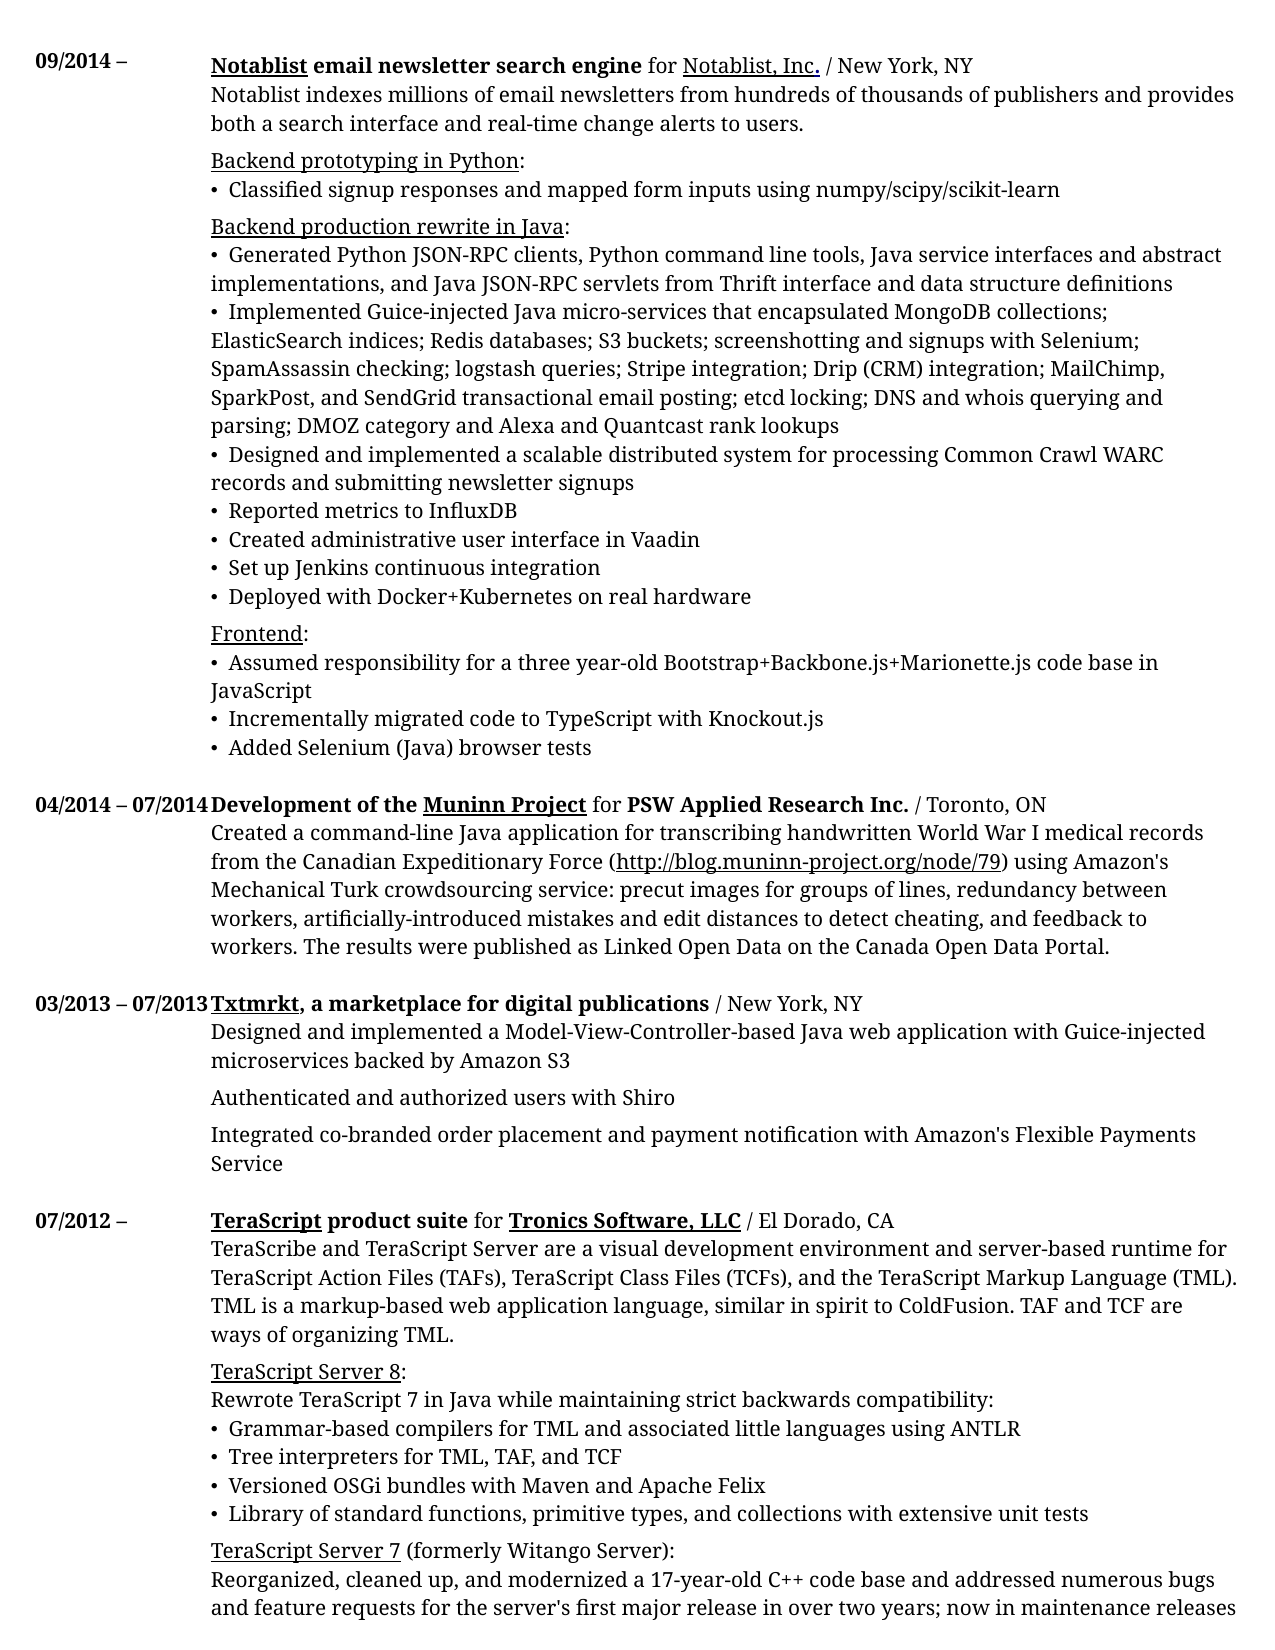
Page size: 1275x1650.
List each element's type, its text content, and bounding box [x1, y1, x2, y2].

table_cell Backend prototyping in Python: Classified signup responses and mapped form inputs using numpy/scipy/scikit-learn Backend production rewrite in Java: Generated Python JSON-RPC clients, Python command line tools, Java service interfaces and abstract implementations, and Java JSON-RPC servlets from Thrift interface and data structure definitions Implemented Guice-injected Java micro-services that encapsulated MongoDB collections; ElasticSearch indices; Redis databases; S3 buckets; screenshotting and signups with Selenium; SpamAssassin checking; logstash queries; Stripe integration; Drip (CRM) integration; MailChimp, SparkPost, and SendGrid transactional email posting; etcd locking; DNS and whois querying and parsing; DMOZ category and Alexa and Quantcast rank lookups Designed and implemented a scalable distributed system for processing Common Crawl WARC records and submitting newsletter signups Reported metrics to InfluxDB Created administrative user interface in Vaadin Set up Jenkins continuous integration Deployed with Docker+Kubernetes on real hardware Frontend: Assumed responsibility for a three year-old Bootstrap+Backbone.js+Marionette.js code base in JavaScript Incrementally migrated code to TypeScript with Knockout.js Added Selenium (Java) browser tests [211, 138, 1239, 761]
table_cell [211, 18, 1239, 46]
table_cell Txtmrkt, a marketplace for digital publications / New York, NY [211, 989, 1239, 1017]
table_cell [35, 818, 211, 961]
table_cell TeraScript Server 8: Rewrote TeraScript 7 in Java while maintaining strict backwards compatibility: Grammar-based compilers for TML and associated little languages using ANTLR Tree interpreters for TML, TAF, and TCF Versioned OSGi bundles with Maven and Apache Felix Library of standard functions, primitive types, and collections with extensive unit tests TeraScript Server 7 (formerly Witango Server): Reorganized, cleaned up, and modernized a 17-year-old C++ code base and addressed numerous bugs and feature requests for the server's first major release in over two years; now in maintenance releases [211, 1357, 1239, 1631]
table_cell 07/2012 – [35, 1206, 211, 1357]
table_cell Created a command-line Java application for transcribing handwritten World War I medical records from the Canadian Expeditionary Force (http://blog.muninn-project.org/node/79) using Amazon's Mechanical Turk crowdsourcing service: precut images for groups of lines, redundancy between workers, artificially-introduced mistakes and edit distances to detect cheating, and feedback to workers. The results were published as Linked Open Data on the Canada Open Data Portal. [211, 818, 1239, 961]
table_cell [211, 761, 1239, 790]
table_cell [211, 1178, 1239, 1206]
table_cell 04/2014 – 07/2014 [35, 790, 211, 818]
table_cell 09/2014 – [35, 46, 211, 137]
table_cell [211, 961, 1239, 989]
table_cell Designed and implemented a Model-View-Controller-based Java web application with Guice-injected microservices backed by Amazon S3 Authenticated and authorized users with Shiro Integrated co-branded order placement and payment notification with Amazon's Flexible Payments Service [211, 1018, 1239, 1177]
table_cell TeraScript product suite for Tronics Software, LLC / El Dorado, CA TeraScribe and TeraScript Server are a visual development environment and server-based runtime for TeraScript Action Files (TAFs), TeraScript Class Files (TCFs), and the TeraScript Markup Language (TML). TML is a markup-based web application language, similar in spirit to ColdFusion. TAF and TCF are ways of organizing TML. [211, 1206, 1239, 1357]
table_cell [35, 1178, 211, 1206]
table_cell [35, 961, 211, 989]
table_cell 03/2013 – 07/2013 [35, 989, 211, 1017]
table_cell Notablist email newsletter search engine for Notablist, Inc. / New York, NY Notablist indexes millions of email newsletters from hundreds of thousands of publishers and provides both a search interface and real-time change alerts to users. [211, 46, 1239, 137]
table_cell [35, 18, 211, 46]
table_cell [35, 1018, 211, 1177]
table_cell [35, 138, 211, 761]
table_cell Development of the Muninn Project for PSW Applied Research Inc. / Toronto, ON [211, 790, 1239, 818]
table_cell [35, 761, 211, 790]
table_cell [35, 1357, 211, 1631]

...

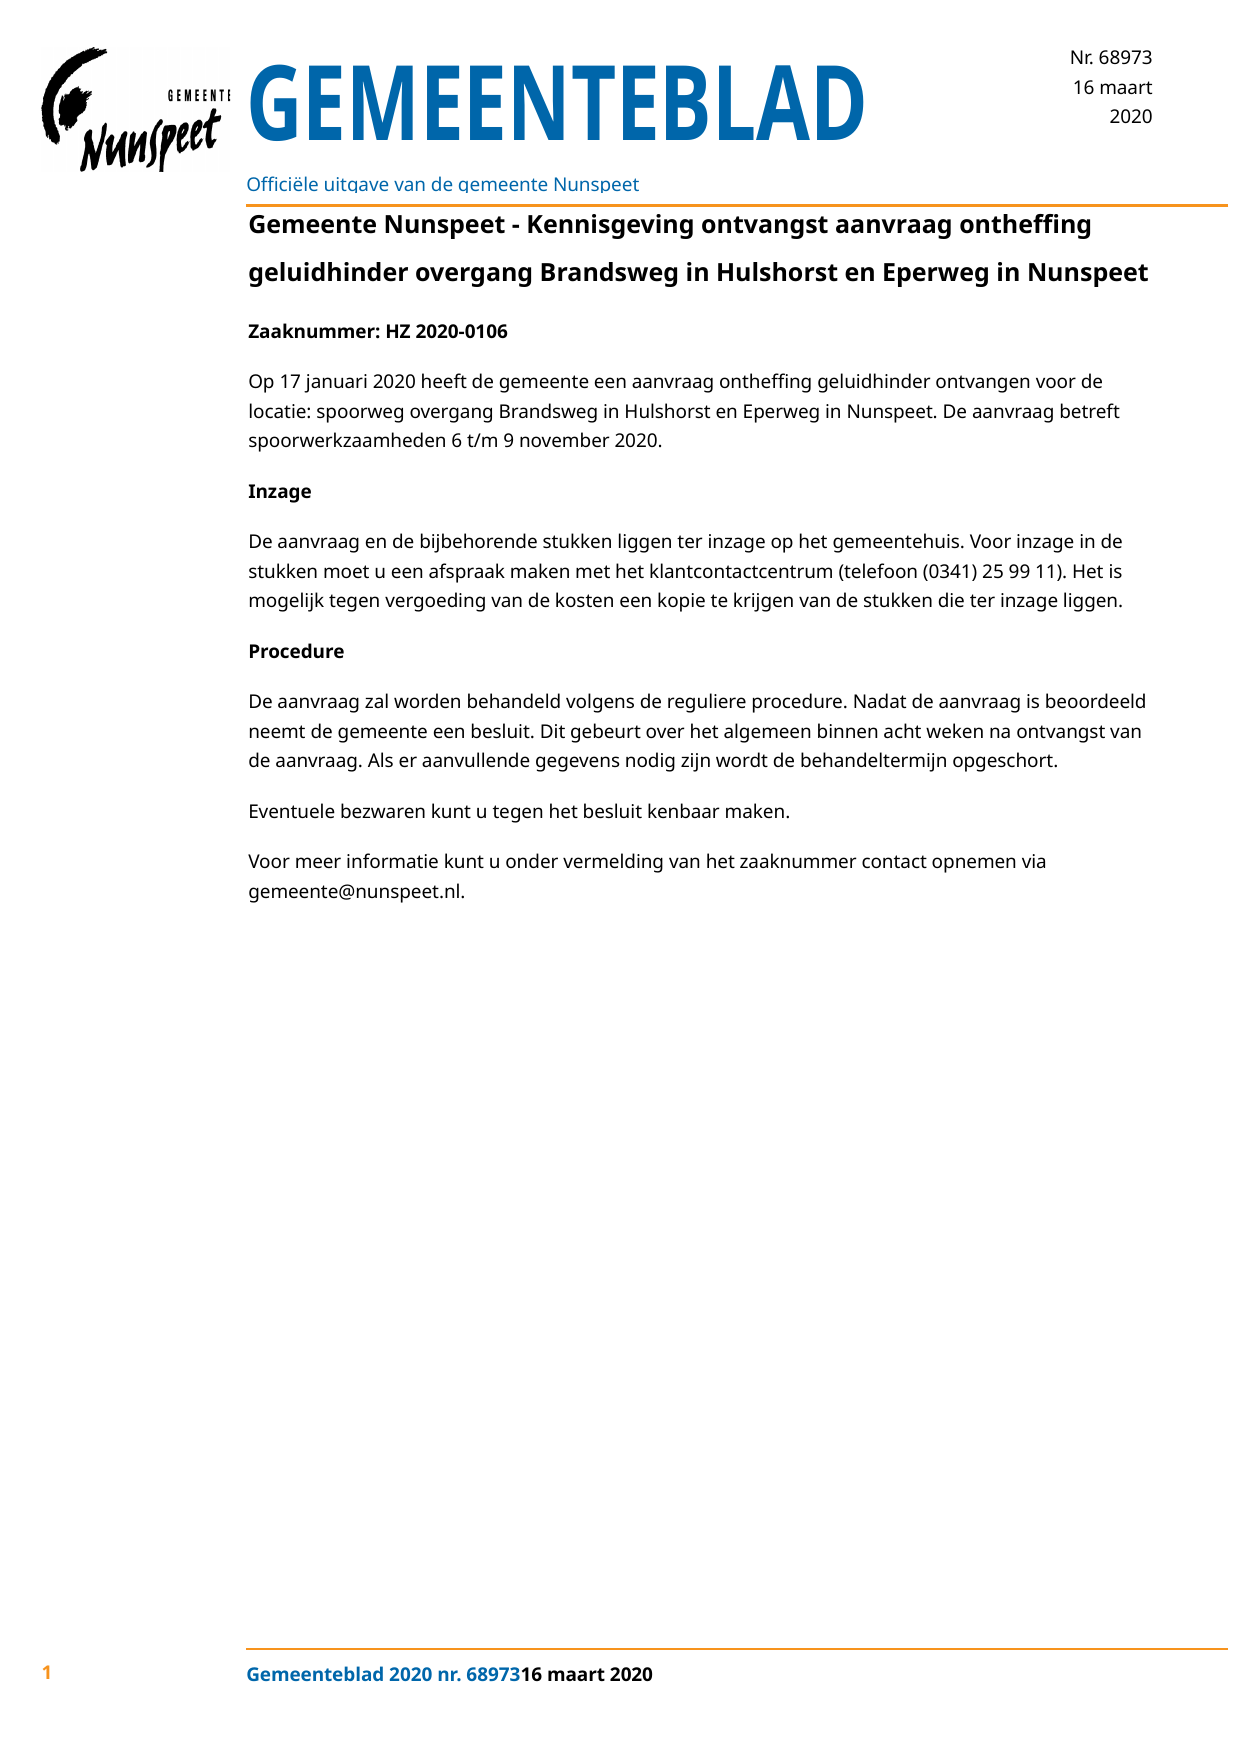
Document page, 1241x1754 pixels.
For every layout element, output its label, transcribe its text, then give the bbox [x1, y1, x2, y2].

▸ Prompt:
Go through the material above and output exactly the lines from the one containing "Document page, 1241x1754 pixels." through the one containing "For every layout".

▸ Reply:
Document page, 1241x1754 pixels.
For every layout element, output its label, transcribe its text, then give the bbox [x1, y1, x2, y2].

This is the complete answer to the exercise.